Let's have a look at the different types of solutions.
Note: I haven't tried all the alternatives in depth, so I'm giving a high-level description of the tools, instead of a full comparison. Please let me know if you're missing something!
1. All-in-one reporting suites
In these type of tools the user (reporting) interface plays a central role. Everything is built around the interface. How to create a measurement plan and set up data collection the right way is something else, but when you set up data collection in these tools, the default reports are populated immediately and you're good to go.
|Google Analytics||Analytics offering within the Google Marketing Platform||Free & paid||Cloud|
|Piwik Pro||Analytics suite with a focus on user privacy and data security||Free & paid||Cloud|
|Mixpanel||Focus on product analytics.||Free & paid||Cloud|
|Amplitude||Focus on product analytics. Part or a larger suite / other modules available.||Free & paid||Cloud|
|Adobe Analytics||Analytics product within the Adobe Experience Cloud. Corporate focus.||Paid||Cloud|
|Matomo||Formerly Piwik.
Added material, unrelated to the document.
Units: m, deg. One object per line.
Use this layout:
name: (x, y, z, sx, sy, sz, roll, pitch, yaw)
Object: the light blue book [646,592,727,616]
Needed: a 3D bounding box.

Free and open source analytics platform, focused on user privacy and data security.||Free & paid||Cloud / On-premise|
|Heap.io||Focus on auto capturing events and behavioral metrics||Free & paid||Cloud|
2. Data collectors & loaders
Secondly, this category of tools is focusing on the data collection part and storing that data into an (cloud) analytical database (e.g. Snowflake, Google BigQuery or AWS Redshift), without providing an reporting interface.
Note: Equally important for the other categories as well, a good collection client / API, including a sound data structure / schema (protocol), handling of (first-party) cookies and customizability is not present in every tool. Good example of mature collection protocols: the GA measurement protocol or the Snowplow Tracker Protocol
|Snowplow||Open source platform for (online) behavioral data collection, streaming data into (cloud analytical) databases.||Free & paid||Cloud / On-premise|
3. Event hubs / routers
This last category has overlap with the previous one, but ads an additional component: routing / distributing the collected events to a range of other systems (on the server-side).
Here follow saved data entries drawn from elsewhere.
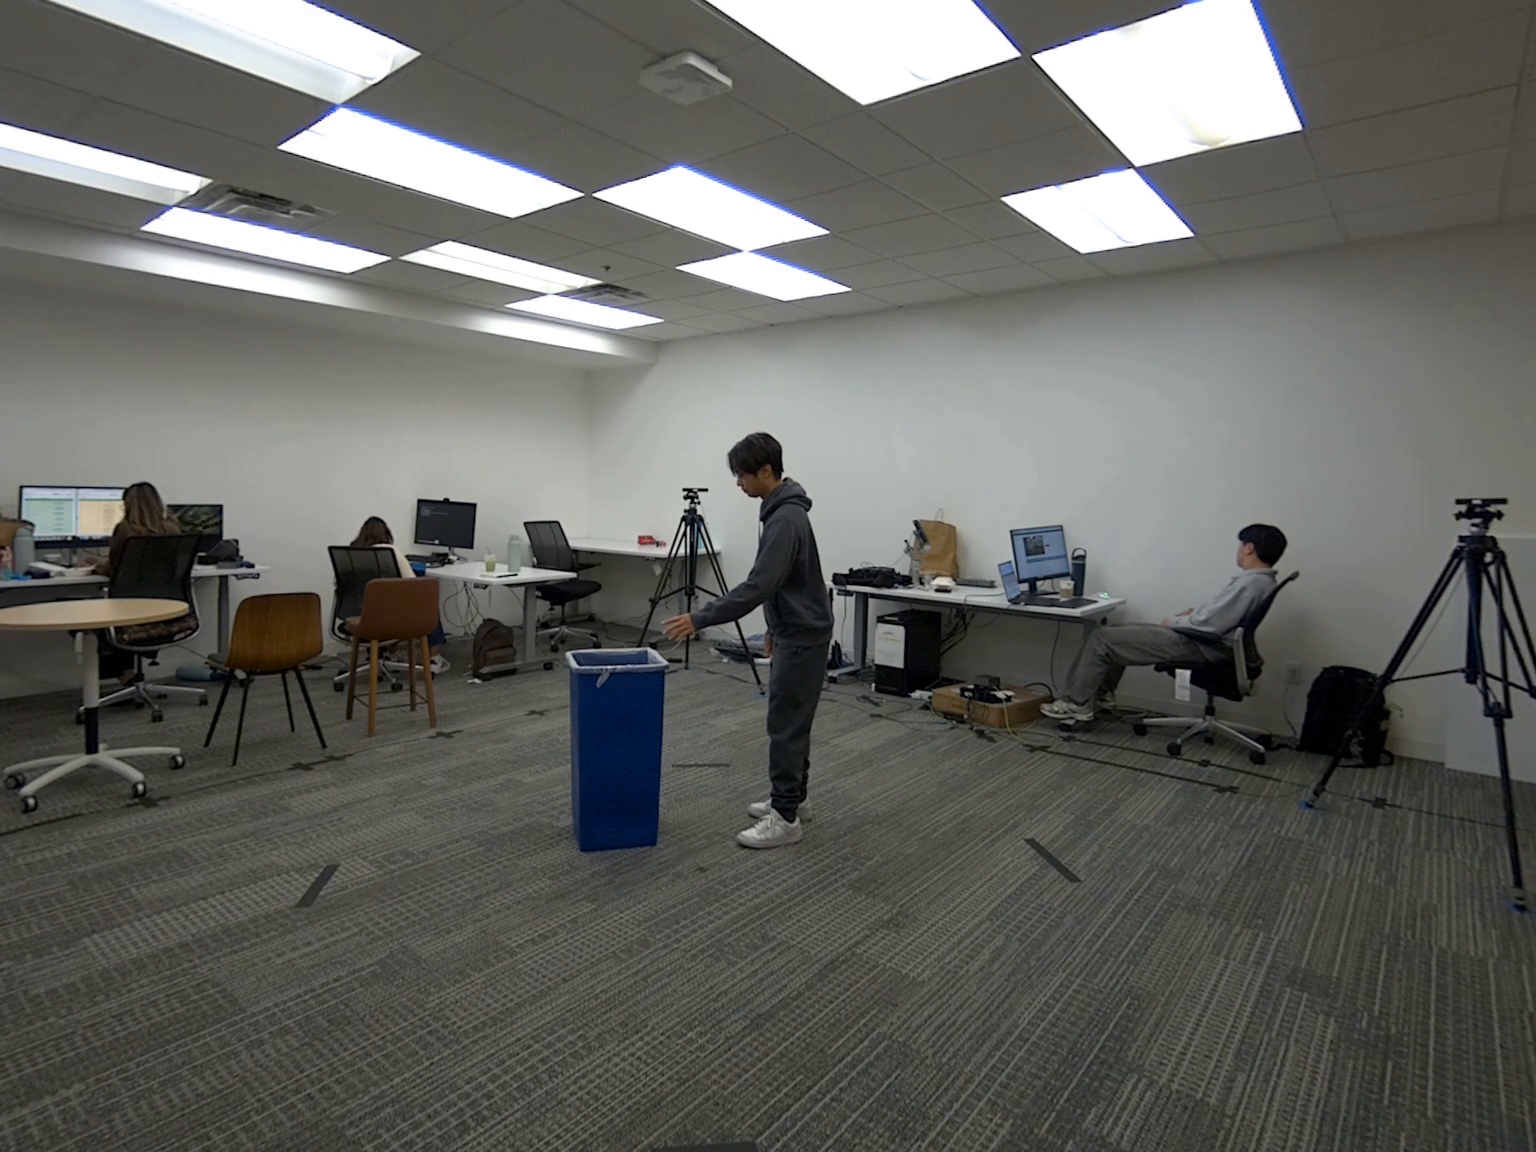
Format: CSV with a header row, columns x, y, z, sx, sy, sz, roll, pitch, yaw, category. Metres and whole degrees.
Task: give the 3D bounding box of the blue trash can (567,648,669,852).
x,y,z,sx,sy,sz,roll,pitch,yaw,category
-0.631,0.676,3.406,0.372,0.712,0.381,1,3,-17,blue trash can
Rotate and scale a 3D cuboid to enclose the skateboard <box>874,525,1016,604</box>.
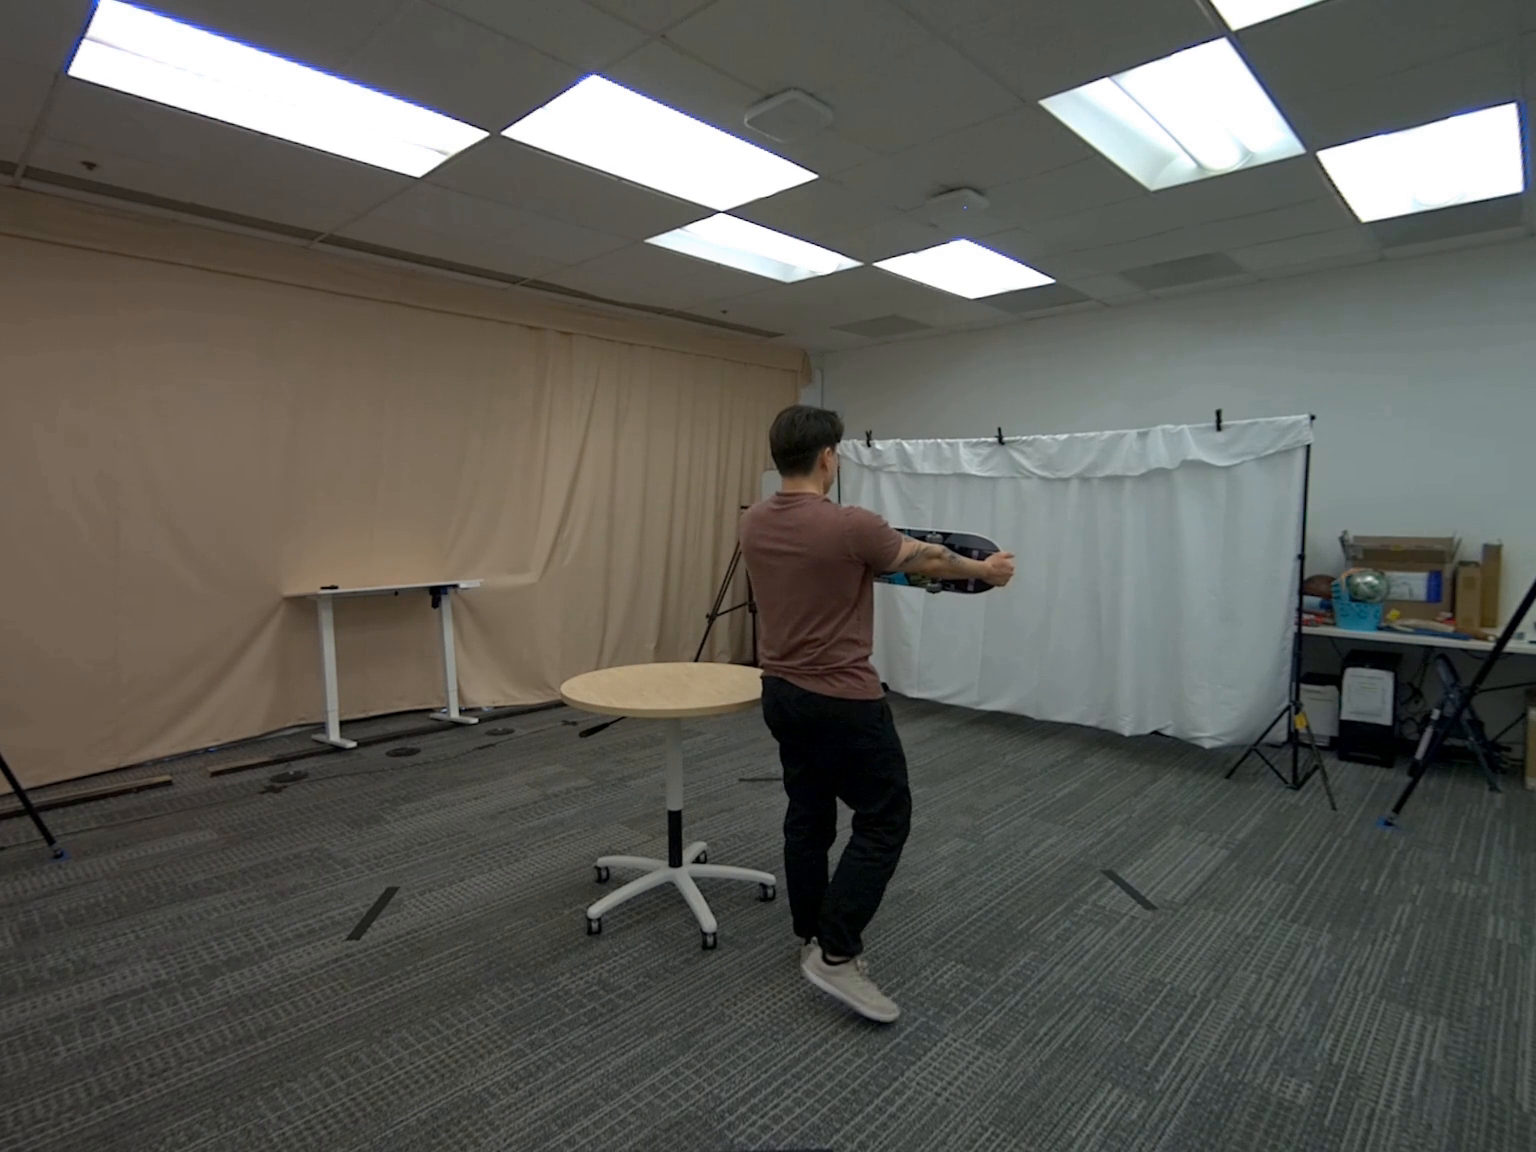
[{"bbox_3d":[0.400,-0.066,2.773,0.812,0.192,0.107,8,13,40],"label":"skateboard"}]

Almost every tool will provide you with an user interface and templates to configure those routes. Sometimes part of a larger suite (for example as a step before aggerating event data to user profiles and audiences).
|Tealium EventStream||Collect & route events to external applications or the Tealium CDP.||Paid||Cloud|
|Google Tag Manager Server||Self hosted "server-side tag management" solution of Google. Distribute behavioral event streams to Google and non-Google destinations.||Free (only cloud costs)||On-premise|
|Segment||Collect and distribute data to other applications. Also has CDP capabilities.||Free & paid||Cloud|
|Rudderstack||Collect and distribute data to other applications. Focus on developers and has CDP capabilities.||Free & Paid||Cloud|
|MetaRouter||Server-side event router with a focus on compliance and security||Paid||Cloud / On-premise|
|Jentis||Server-side tag management solution hosted in the EU||Paid||Cloud|
|Jitsu||"Open source Segment alternative"||Free & paid||Cloud / On-premise|
Selecting an alternative or complementary data collection tool or stack should depend on your type of business and more important, your requirements. The list or requirements is growing, since not only the wishes of the business user are important. The privacy of the user tracked is equally important and it's not given that the tool that shouts the loudest regarding their privacy offering is the best option in your situation.
Start with your business objectives, requirements, the people that need to work with the tool and the expertise and resources available within your organization. Then pick a vendor.